Пока они бродили по рынку, небо стало розово-желтым, и друзья взволновались, что сегодня уже не успеют прицениться к лошадкам. Только Алера, пребывавшая в пугающе-благодушном настроении, уверяла, что ничего такого страшного, ну и подумаешь, придут завтра с утра, и вообще – к вечеру цена как раз хорошая, честная, а не те безумные тридцать серебрушек за лошадиную голову, про которые говорил Дэйн. Наверняка он ничего не понимает в коняшках и вообще умалишился на жаре.

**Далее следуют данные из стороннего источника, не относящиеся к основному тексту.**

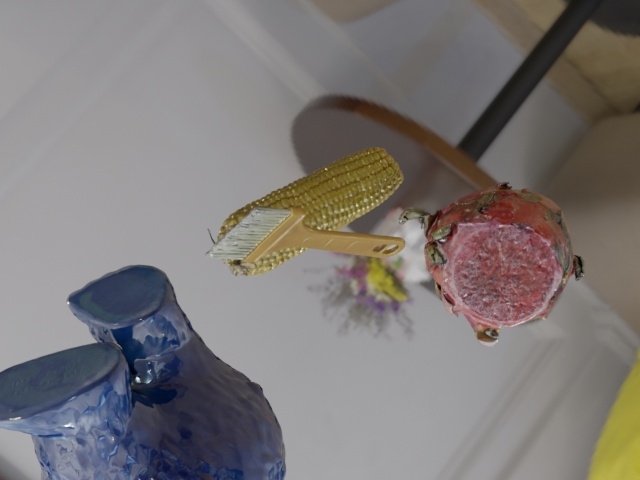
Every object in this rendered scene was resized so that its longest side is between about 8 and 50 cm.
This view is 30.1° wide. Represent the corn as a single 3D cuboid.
[{"bbox_3d":[-0.016,-0.047,1.778,0.106,0.305,0.106,53,163,24],"label":"corn"}]

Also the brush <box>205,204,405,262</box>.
[{"bbox_3d":[0.000,0.000,1.383,0.103,0.272,0.013,-41,57,37],"label":"brush"}]

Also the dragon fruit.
[{"bbox_3d":[0.246,0.035,1.706,0.282,0.147,0.211,15,123,-4],"label":"dragon fruit"}]

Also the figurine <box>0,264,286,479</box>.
[{"bbox_3d":[-0.070,0.142,0.610,0.120,0.164,0.262,9,141,32],"label":"figurine"}]

Вопреки их опасениям, лошадьми еще торговали, даже выбор пока оставался солидный, и среди животных оставалось немало крепких, молодых коняшек, способных совершить путешествие в несколько сотен переходов.
Алере особенно приглянулась вороная, с белыми ушами, и девушка, тихонько ахнув, поплыла к лошади такой особенной походкой, воодушевленно-летящей… Тахар и Элай в ужасе ожидали развязки.

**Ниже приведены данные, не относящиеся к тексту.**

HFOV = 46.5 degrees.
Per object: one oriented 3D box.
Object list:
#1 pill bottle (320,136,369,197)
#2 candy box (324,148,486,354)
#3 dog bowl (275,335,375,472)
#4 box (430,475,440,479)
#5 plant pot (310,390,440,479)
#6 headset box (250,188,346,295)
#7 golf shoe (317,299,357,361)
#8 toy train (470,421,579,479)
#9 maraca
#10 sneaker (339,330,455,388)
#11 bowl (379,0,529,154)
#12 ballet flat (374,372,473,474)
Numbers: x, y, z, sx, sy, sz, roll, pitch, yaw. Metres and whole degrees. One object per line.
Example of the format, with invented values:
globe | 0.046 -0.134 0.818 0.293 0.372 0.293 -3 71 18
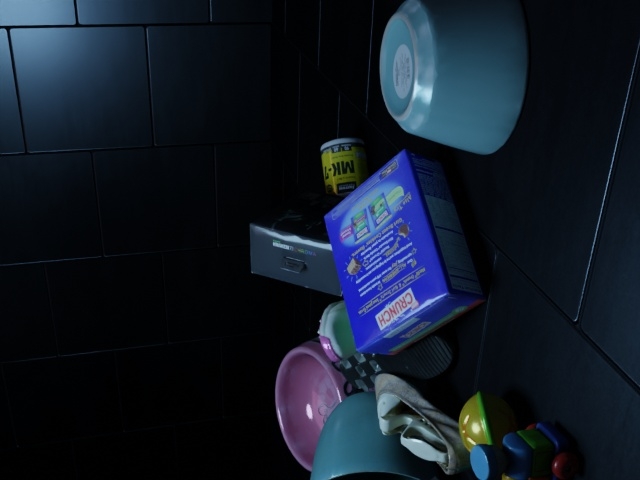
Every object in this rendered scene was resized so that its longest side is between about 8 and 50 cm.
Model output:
pill bottle | 0.070 -0.153 1.945 0.119 0.119 0.208 138 126 -73
candy box | 0.156 0.030 1.470 0.268 0.122 0.317 -39 52 41
dog bowl | 0.023 0.446 2.017 0.408 0.150 0.407 9 102 54
box | 0.277 0.507 1.138 0.270 0.060 0.216 46 178 -19
plant pot | 0.120 0.484 1.663 0.235 0.293 0.293 -87 4 -47
headset box | 0.000 0.000 1.763 0.283 0.246 0.131 -38 -45 -54
golf shoe | 0.101 0.157 1.604 0.115 0.140 0.306 60 -148 -7
toy train | 0.303 0.410 1.152 0.105 0.143 0.248 -130 38 -68
maraca | 0.292 0.325 1.283 0.185 0.099 0.127 49 -149 -68
sneaker | 0.185 0.229 1.634 0.330 0.146 0.122 -23 100 52
bowl | 0.205 -0.298 1.265 0.311 0.163 0.311 176 90 -76
ballet flat | 0.184 0.362 1.488 0.316 0.106 0.107 24 127 50

Вот Алера протягивает руку, и лошадка тычется лбом ей в ладонь, Алера задает вопрос хозяину, вскочившему при ее приближении с бревнышка и поедающему ее глазами, словно у него тоже вот-вот сбудется какая-то мечта. Он что-то говорит, и по выражению его лица понятно, что мужик называет цену меньшую, чем собирался, потому как – да кто его знает, почему!
Тахар и Элай мимовольно втягивают головы в плечи, и полвздоха спустя над животным рынком разносится потрясенный вопль:
– Тридцать… пять?!
– Вот, – пробормотал Тахар, – видишь? Вот теперь у нас проблемы.
Алера медленно отошла от лошадки, и плечи у нее поникли, и взгляд сделался потерянным, пустым, в землю. Никаких больше воплей, визгов, требований оторвать голову этому нахальному торгашу, никаких пожеланий лопнуть изнутри и снаружи так, чтоб кишками все вокруг заляпало… Вообще ничего.
– Да, – согласился Элай. – У нас проблемы.
Алера, словно не видя друзей, почти прошла мимо, но Тахар поймал ее под руку. Она остановилась и стояла, безучастно глядя в землю.
– Ну, пойдемте на наш чердак, – как можно спокойнее сказал маг. – Сегодня предлагаю отдохнуть и выспаться, а завтра с утра трогаться в путь пешком. Что тут поделаешь.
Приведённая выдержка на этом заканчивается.